Acórdão do Tribunal da Relação de Lisboa Acórdãos TRL Acórdão do Tribunal da Relação de Lisboa Processo: 7210/14.1T8LSB-A.L1-1 Relator: JOÃO RAMOS DE SOUSA Descritores: INSOLVÊNCIA CITAÇÃO PESSOA COLECTIVA ADMINISTRADOR DE INSOLVÊNCIA NOTIFICAÇÃO Nº do Documento: RL Data do Acordão: 10/20/2015 Votação: UNANIMIDADE Texto Integral: S Texto Parcial: N Meio Processual: APELAÇÃO Decisão: IMPROCEDENTE Sumário:
- No processo de insolvência, a devedora, sendo uma pessoa coletiva é citada pessoalmente nos termos do regime especial do art. 246 do CPC, conforme estabelecido no art. 29.1 do CIRE.
- Sendo corretamente citada naqueles termos, não há proceder à audiência do administrador, segundo o disposto no art. 12.3 do CIRE.
- E, uma vez proferida sentença de insolvência, o administrador da insolvente, não havendo a certeza do seu domicílio pessoal, pode ser notificado no domicílio profissional, que é a sede da pessoa coletiva constante do Registo Nacional de Pessoas Coletivas – arts. 37.1 do CIRE, 93 do CC e 246.2 do CPC. (Sumário elaborado pelo Relator) Decisão Texto Parcial: Decisão Texto Integral: Acordam do Tribunal da Relação de Lisboa: Relatório: A Secção de Comércio, Instância Central da Comarca de Lisboa Oeste (Sintra) julgou improcedente a arguição de nulidade de citação e o pedido de renovação da notificação ao administrador de H., Lda (recorrente), declarada insolvente a requerimento de U., SL (recorrida); O Tribunal apenas fixou a morada indicada pelo administrador da insolvente, com efeitos da data daquela decisão.

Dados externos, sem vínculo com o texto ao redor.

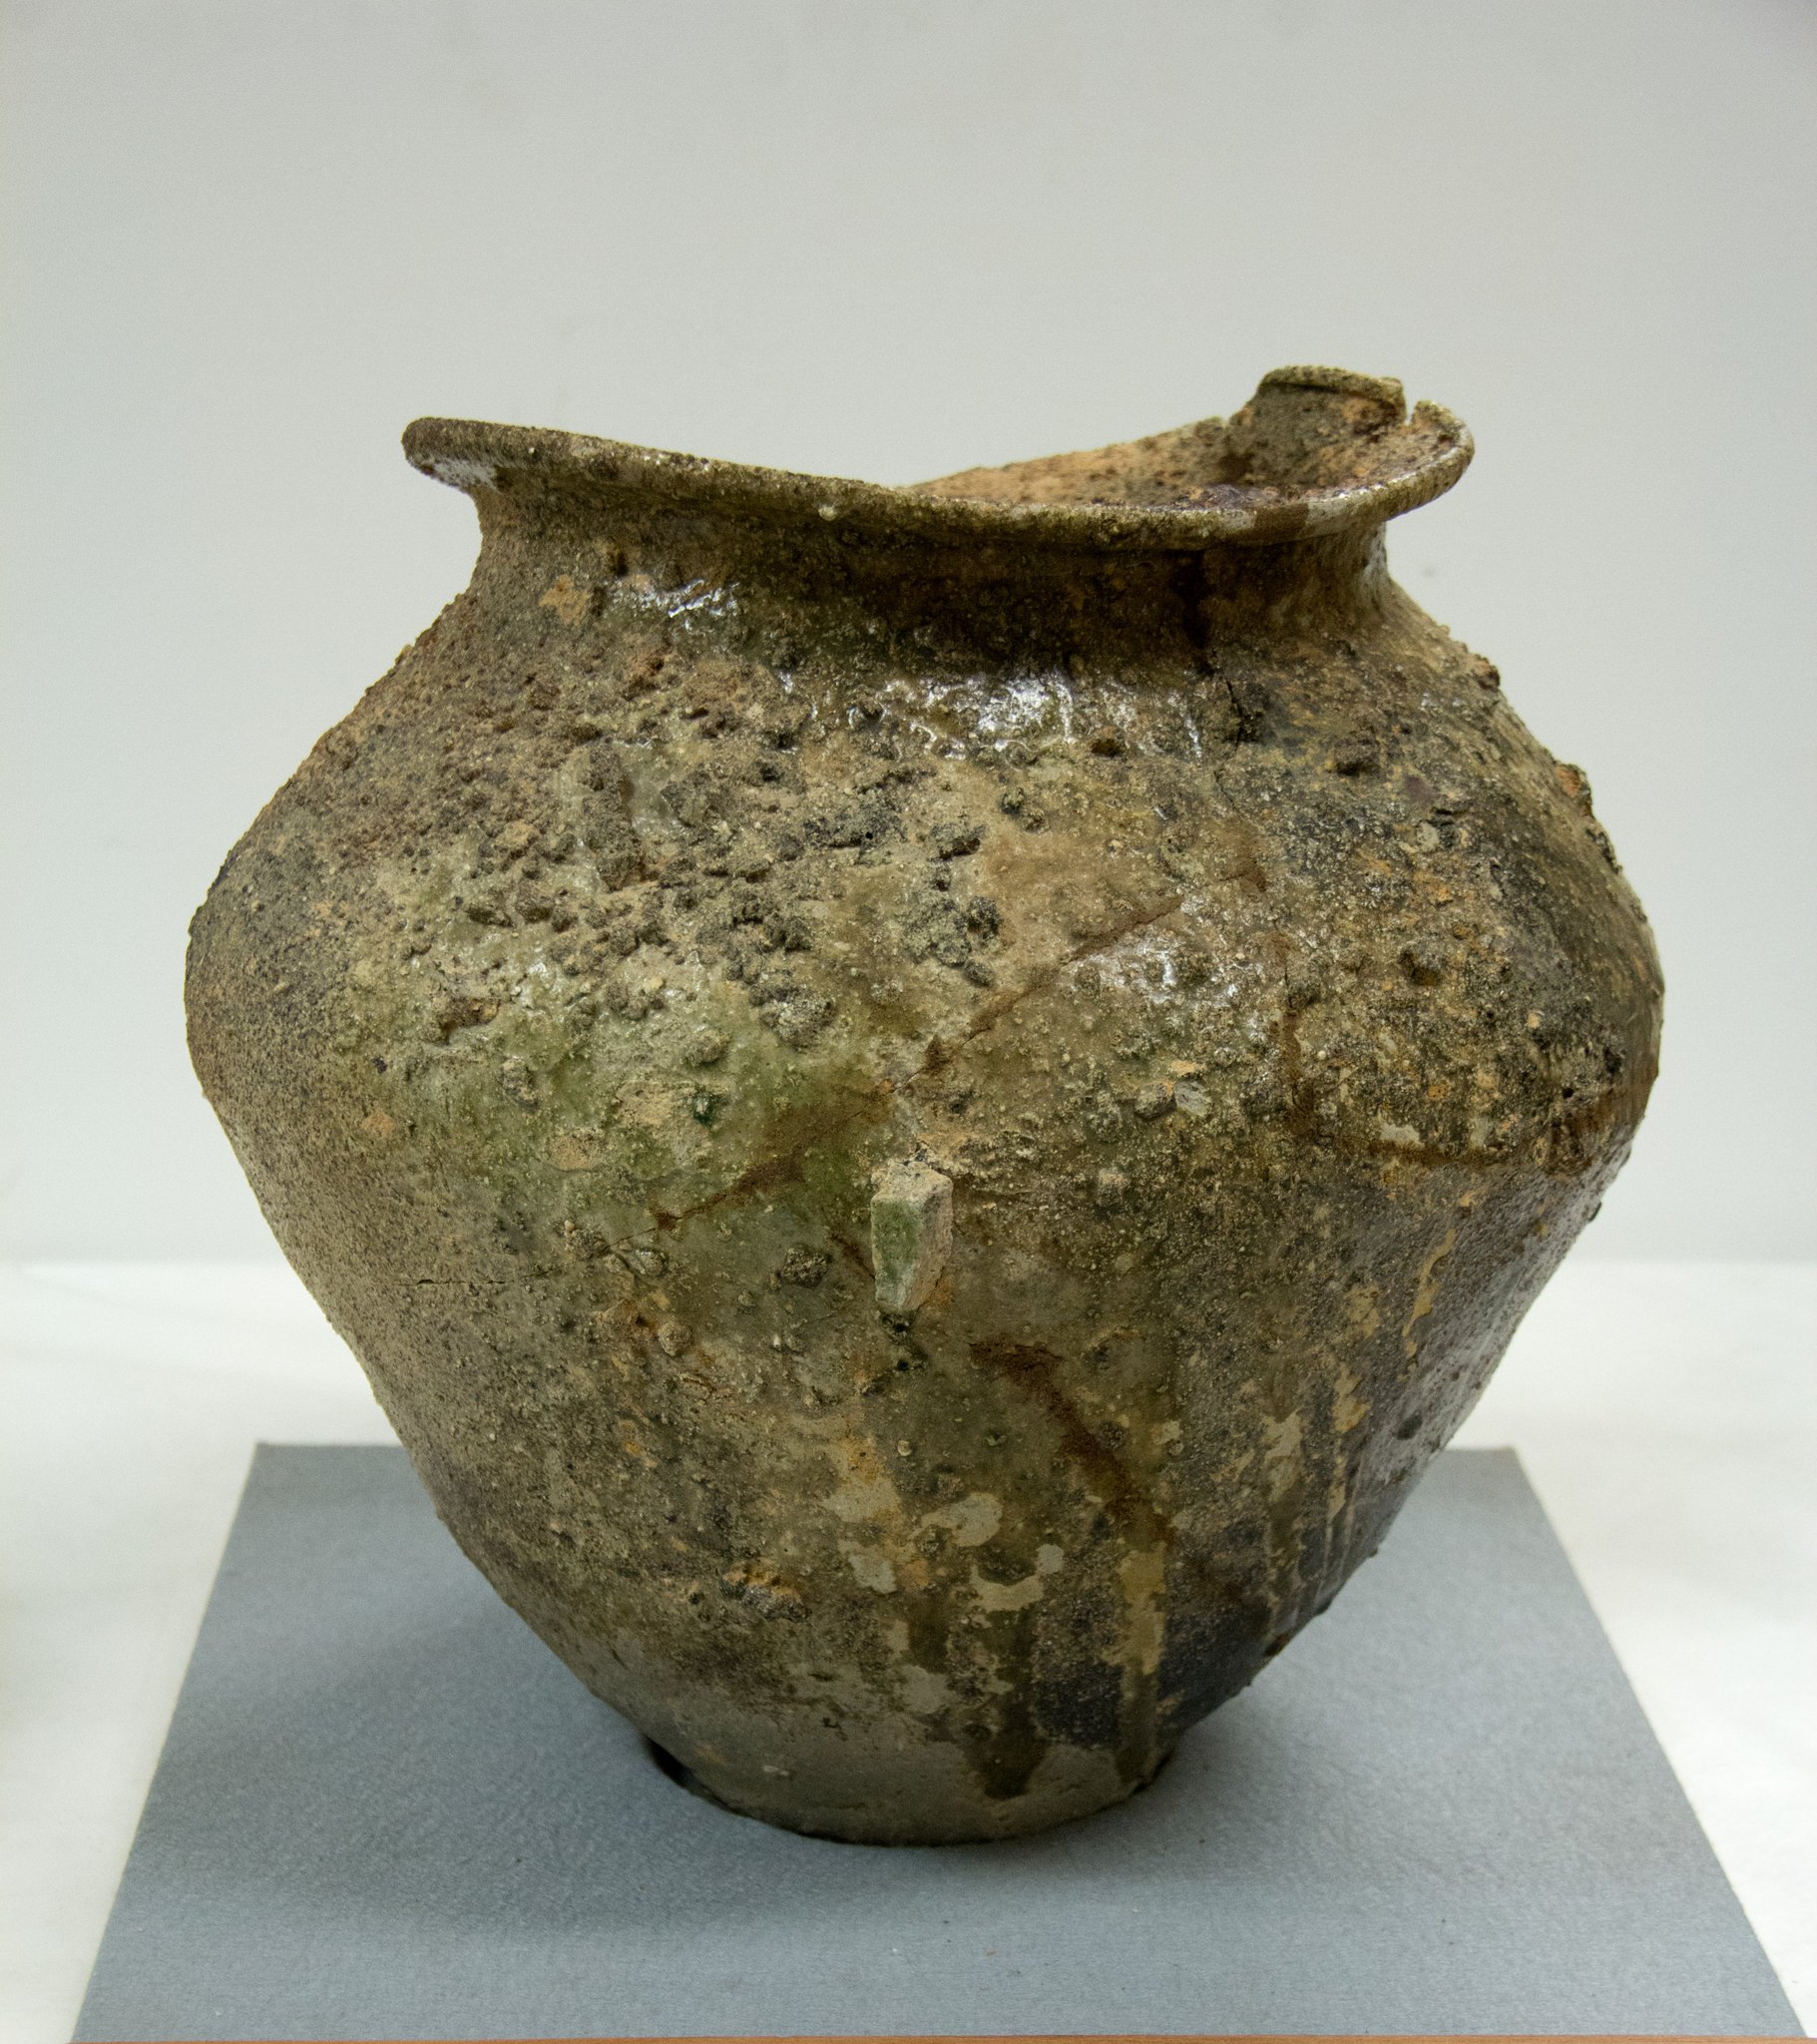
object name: jar
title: Storage jar
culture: japanese
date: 1101-1200
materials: wood, glaze, stoneware
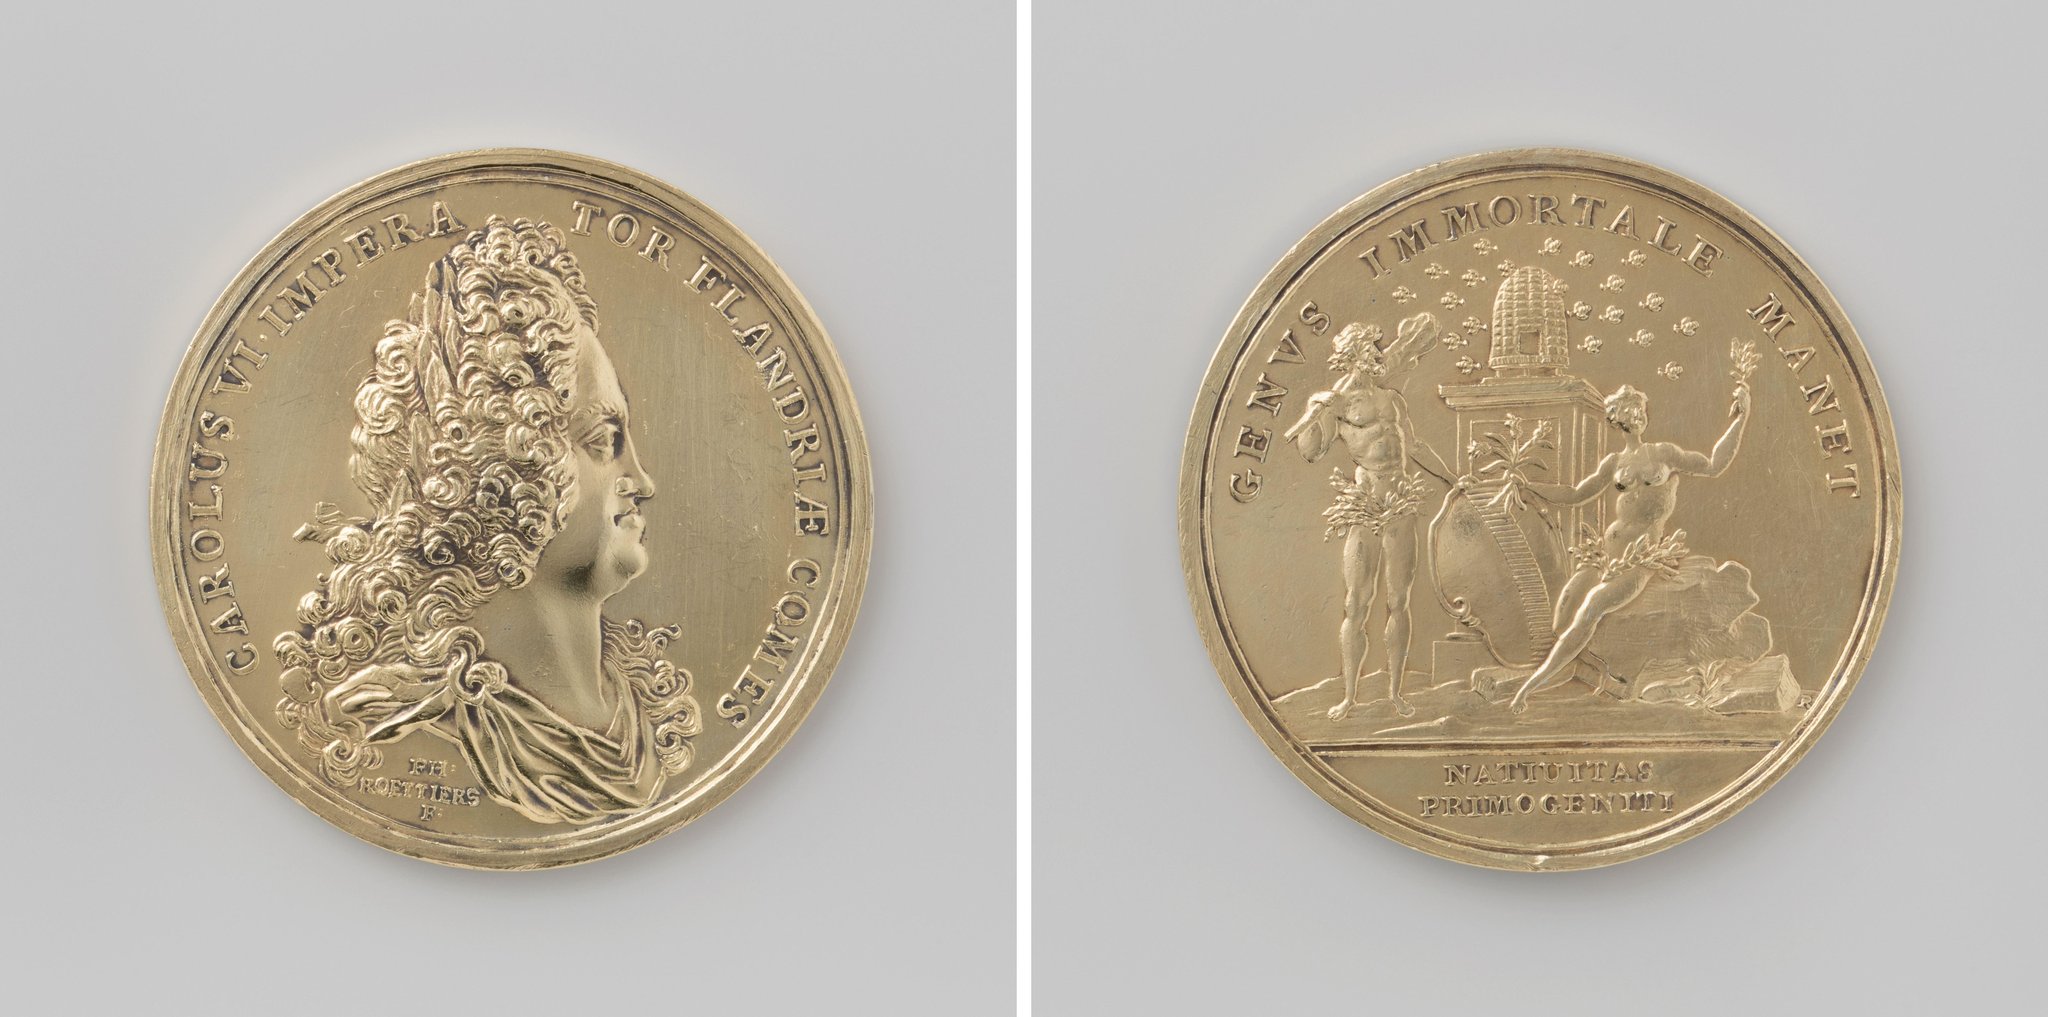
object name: history medal
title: Geboorte van prins Leopold van Oostenrijk
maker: philippe roëttiers (ii)
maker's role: medailleur
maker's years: 1640-1718
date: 1716
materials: silver
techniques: gilding, striking
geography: antwerp
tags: vienna, charles vi (holy roman emperor)
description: Zilveren penning. Voorzijde: borststuk man met lauwerkrans binnen omschrift. Keerzijde: Herkules met knots op zijn schouder en nimf met in ene hand tak en in andere bloemen, houden samen wapenschild vast, op achtergrond bijenkorf op een voetstuk binnen omschrift; afsnede: opschrift.
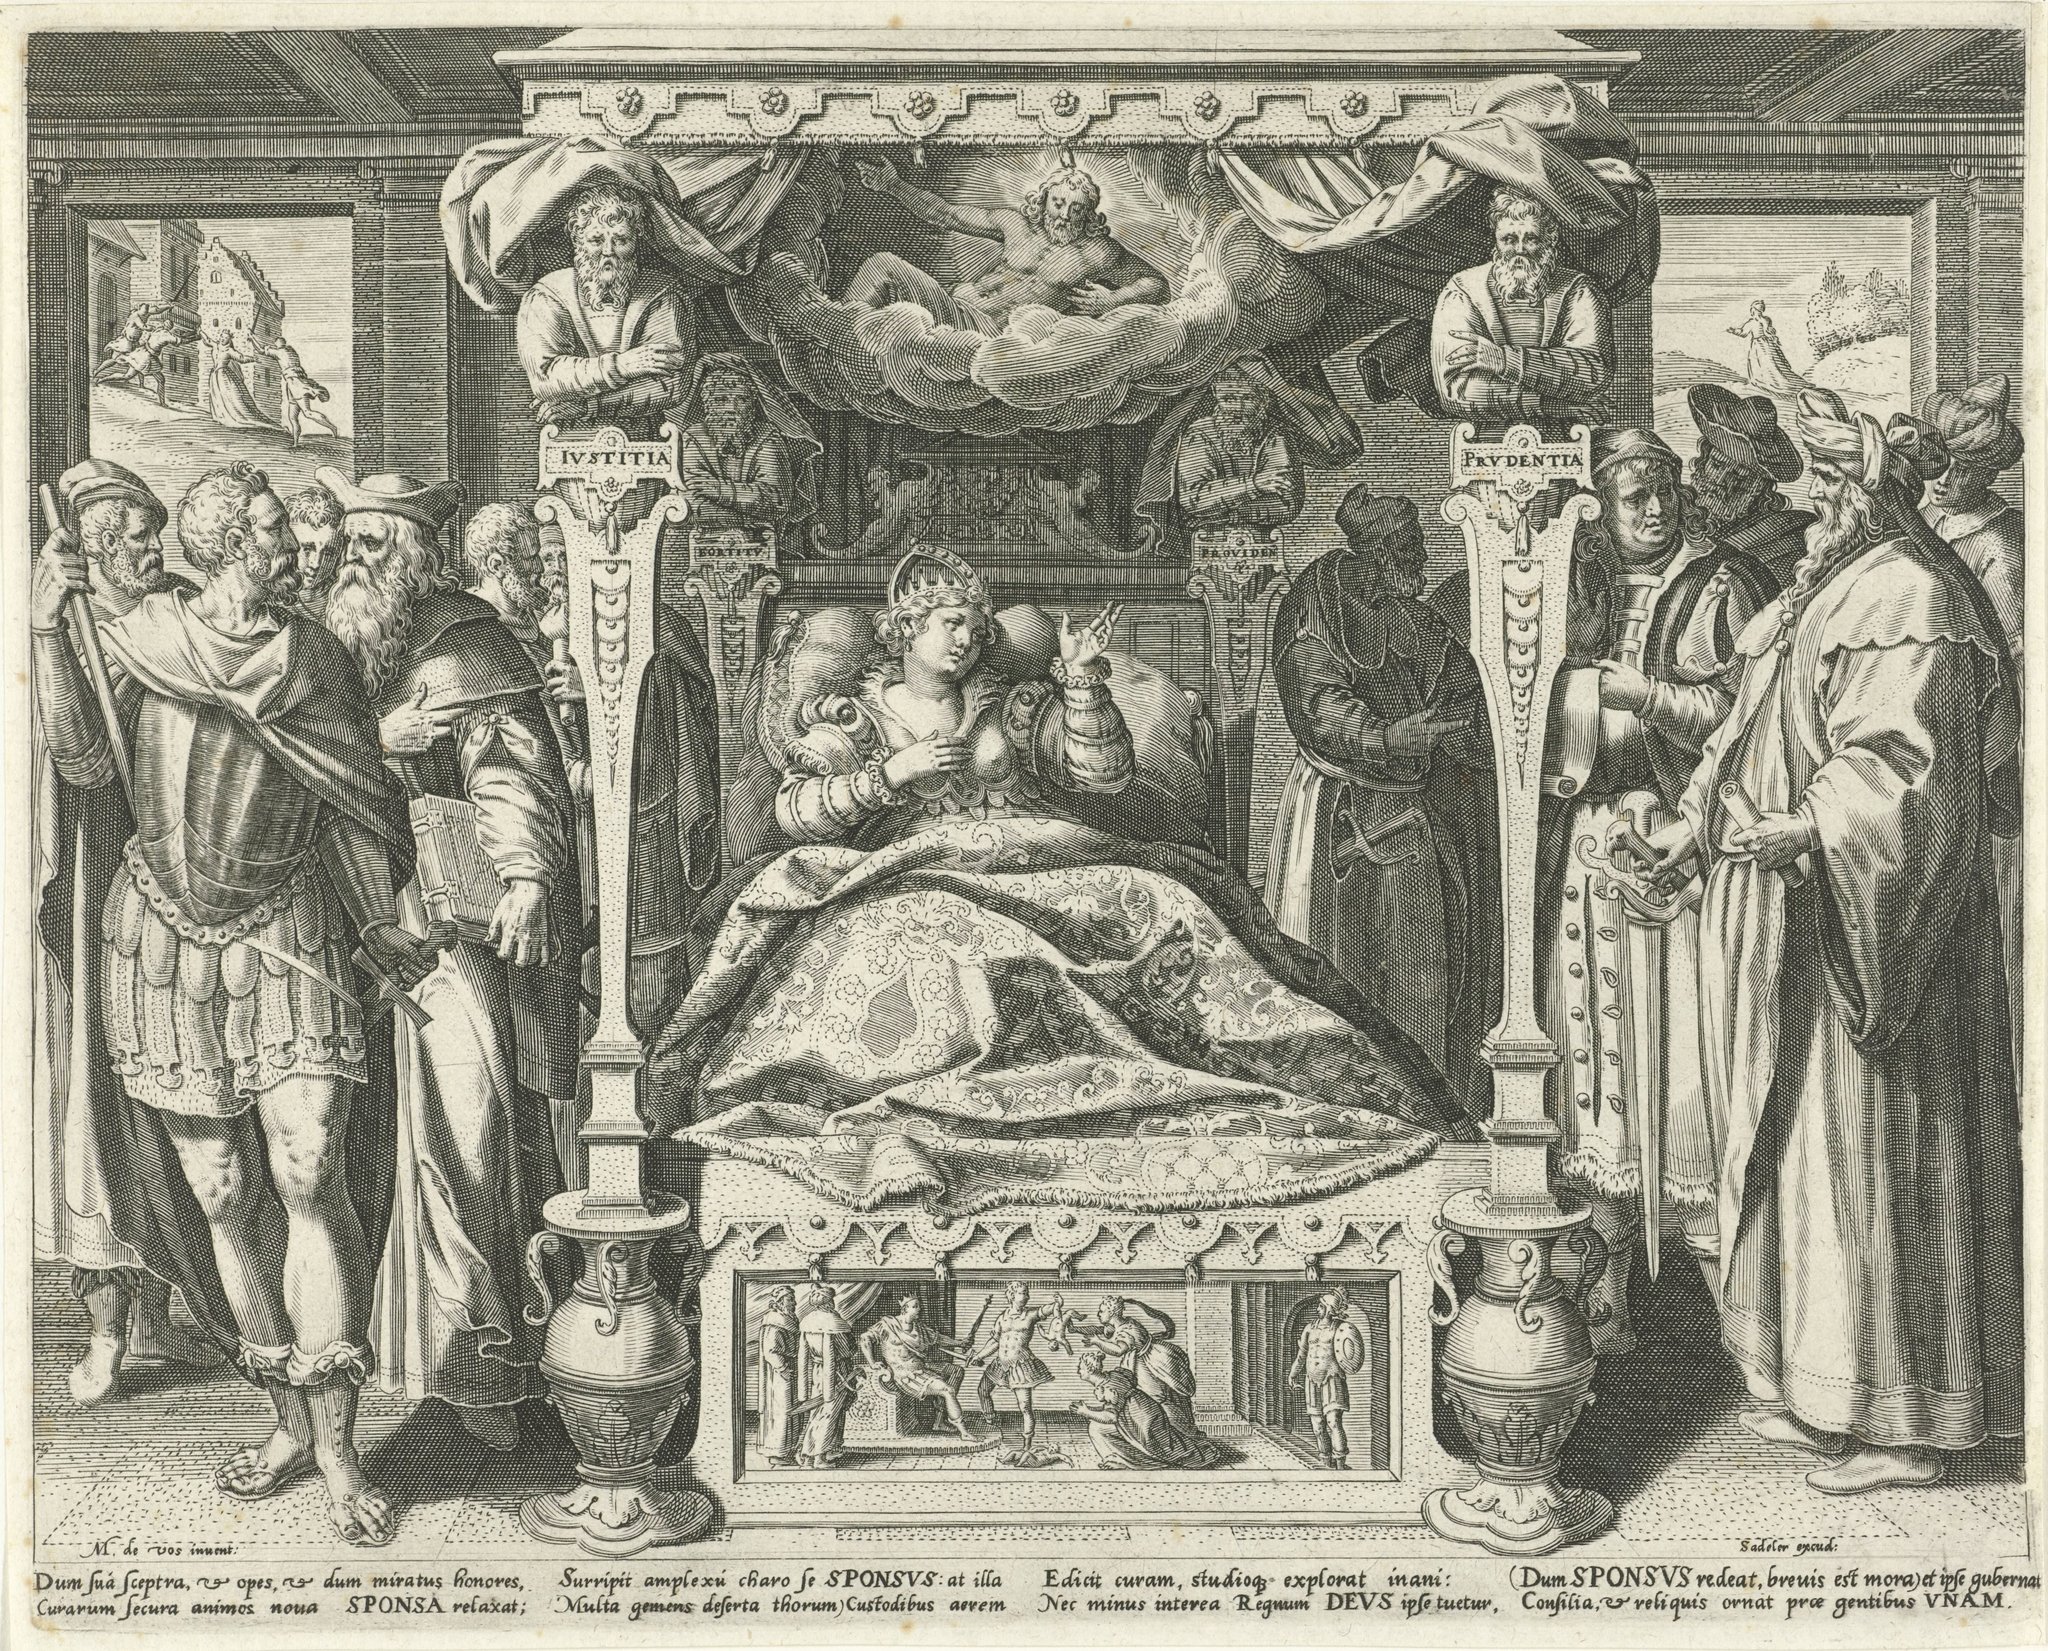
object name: print
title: Hooglied van Salomo
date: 1590
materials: paper
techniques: engraving
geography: antwerp
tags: fortitude, 'fortitudo' ~ one of the four cardinal virtues, 'ecclesia' as bride of christ (the lamb), 'ecclesia sponsa dei', 'sponsus-sponsa', song of solomon, song of songs (with book chapter:verse) (+ christ bearded), the judgement of solomon (1 kings 3:16-28), justice, 'justitia'; 'giustitia divina' (ripa) ~ one of the four cardinal virtues, prudence, 'prudentia'; 'prudenza' (ripa) ~ one of the four cardinal virtues, caryatids ~ architecture, bed with tester, forethought, deliberation; 'previdenza', 'providenza' (ripa), groups of persons from the old testament
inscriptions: collector's mark: Lugt 240
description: De bruid van Christus (de kerk) in een bed met een baldakijn. Het baldakijn wordt gedragen door de kardinale deugden. Op het voeteneind een voorstelling van het oordeel van Salomon. Boven het hoofd van de bruid Christus in een wolk. Rond het bed figuren uit het Oude Testament. Op de achtergrond door een deuropening is de bruid van Christus te zien die in de stad op zoek is naar haar geliefde. De prent heeft een Latijns onderschrift over het hooglied van Salomo en is de derde prent van een zesdelige serie.

Recorreram H., Lda e o respectivo administrador JM, pedindo a revogação do despacho recorrido. A recorrida pediu que se confirme a decisão. Cumpre decidir se ocorreram as nulidades invocadas. Fundamentos: Factos: Provaram-se os seguintes factos:
- U., SL requereu a declaração de insolvência de H., Lda – fls. 19-
- O Tribunal ordenou a citação da requerida para deduzir oposição – fls. 39-
- Foi para tal enviada carta registada com aviso de receção, devolvida com a menção “ Já não existe a firma na morada indicada. Devolvido. Mudou-se. – fls.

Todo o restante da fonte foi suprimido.